Pois é caros amigos, fazemos um ano em 30 de Novembro.
Há um ano atrás, um pequeno grupo de amigos, que desde há alguns anos a esta parte ia praticando esta modalidade, ainda muito pouco conhecida no nosso país, resolveu pôr mãos à obra e constituiu formalmente a APFT.
Tendo feito uma aproximação inicial à Federação Portuguesa de Tiro (FPT), ainda em 2005, encetou aí uma série de contactos com a mesma, com vista a inserir esta modalidade no portfólio federativo da FPT.
Como gostamos da verdade dos factos acima de tudo, para que também a verdade desportiva possa florescer, temos de realçar que, sendo uma modalidade quase desconhecida, já existiam dois clubes que praticavam a mesma há algum tempo, O Clube de Tiro de Precisão do Minho (CTPM) e o Clube de Tiro Campo (CTC) sendo os mesmos os primeiros a formalmente assumirem a prática desta modalidade em Portugal.

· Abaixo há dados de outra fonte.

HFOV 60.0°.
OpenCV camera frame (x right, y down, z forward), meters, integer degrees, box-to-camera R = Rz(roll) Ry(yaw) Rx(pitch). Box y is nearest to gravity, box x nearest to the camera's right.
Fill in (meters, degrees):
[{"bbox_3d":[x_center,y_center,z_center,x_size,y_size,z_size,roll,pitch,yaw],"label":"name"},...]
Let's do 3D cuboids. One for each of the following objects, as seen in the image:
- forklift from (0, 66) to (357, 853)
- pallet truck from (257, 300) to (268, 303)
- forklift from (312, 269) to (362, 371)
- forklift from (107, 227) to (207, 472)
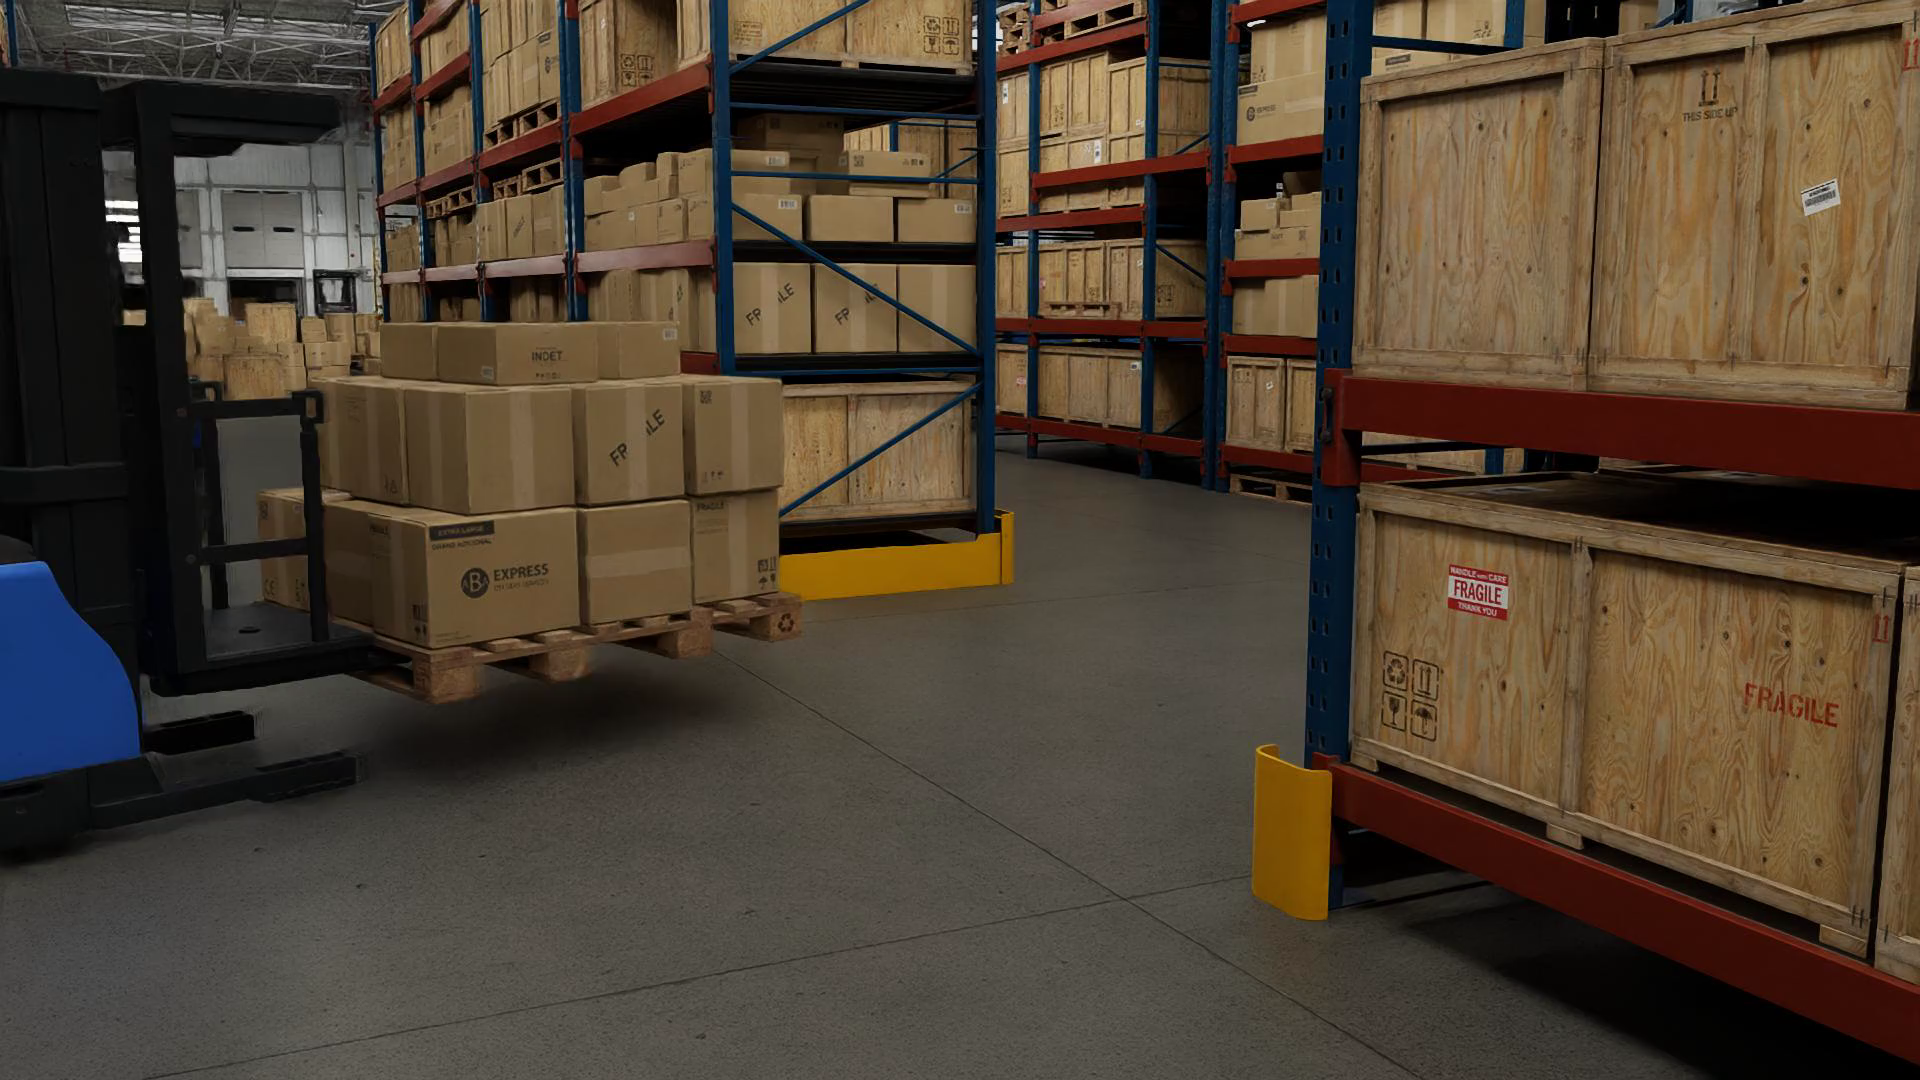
[{"bbox_3d":[-3.511,-0.323,6.312,1.129,2.768,1.873,8,11,44],"label":"forklift"},{"bbox_3d":[-23.913,-7.404,58.171,1.885,1.965,0.823,-1,8,-9],"label":"pallet truck"},{"bbox_3d":[-17.230,-6.040,45.740,1.129,2.768,1.873,-5,10,-33],"label":"forklift"},{"bbox_3d":[-9.693,-2.171,19.061,1.873,2.768,1.129,-4,9,-26],"label":"forklift"}]

Porque surgiram naturais divergências, próprias de todo o tipo de associações e/ou clubes, relativas neste caso ao entendimento da modalidade e sua divulgação em que levaram à saída de alguns sócios fundadores e outros efectivos de um destes clubes, no caso o CTC, foi o pontapé de saída para, naturalmente e ao fim de alguns meses, nascer a APFT e consequentemente vermos a modalidade crescer e passar a contar com três clubes praticantes, onde dois deles, a APFT e o CTC, têm tido um maior protagonismo no panorama nacional até à data.
Como a estratégia da APFT, ao contrário do CTC, desde o seu início que passava claramente pela FPT como a tutela natural do Field Target em Portugal, aconteceu a primeira reunião oficial com esta federação desportiva a 16 de Fevereiro de 2006, na sua sede em Lisboa e com a presença dos seus Presidente e Vice-presidente, respectivamente Sr. Coronel José Loureiro e Sr. Manuel Cecílio, após prévios contactos bilaterais de alinhamento de ideias, iniciados ainda no decorrer de 2005, como atrás referido.
Porque continuamos a gostar da verdade e ao contrário do que possa ser dito ou escrito por outrém, nesta altura (Março de 2006), em que o CTC começava a enaltecer a sua recente condição de NGB (National Governing Body) da WFTF (Federação Internacional de Field Target), passando sempre ao largo da FPT, era de forma clara e comprovada a APFT quem, <u>efectivamente</u>, envidava esforços para o merecido reconhecimento da modalidade junto do organismo máximo federativo português.
Ainda antes de ser tornada pública a APFT a 14 de Março, formalizámos oficialmente o pedido para federar a modalidade em 6 de Março de 2006, ao qual em Abril do mesmo ano, em Assembleia Geral da FPT e com a nossa presença, testemunhámos, com especial agrado, a sua aprovação por unanimidade.
Após a integração da modalidade de Field Target no portfólio de modalidades oficiais da FPT, ficámos igualmente contentes por verificarmos que o CTC, tinha recentemente reconsiderado e retrocedido no seu caminhar isolado aproximando-se igualmente da FPT, tendo para isso, de uma forma lógica e natural, que ter entregue a esta federação a representação oficial junto da WFTF, assumindo e reforçando com essas acções que, de facto e desde o início, a APFT apostara no caminho certo e mais coerente para a implementação da modalidade no país.
Em nosso entendimento, ainda bem que assim foi, pois quem ganhou foi o Field Target.
Não pretendemos protagonismo algum, mas que fique de forma definitiva e clara para todos que, não podemos de forma alguma permitir e assistir sentados, impávidos e serenos, que terceiros tomem como seus os resultados do esforço, trabalho e horas infindáveis de dedicação de todos aqueles que colaboram na APFT e com a APFT em prol do Field Target nacional.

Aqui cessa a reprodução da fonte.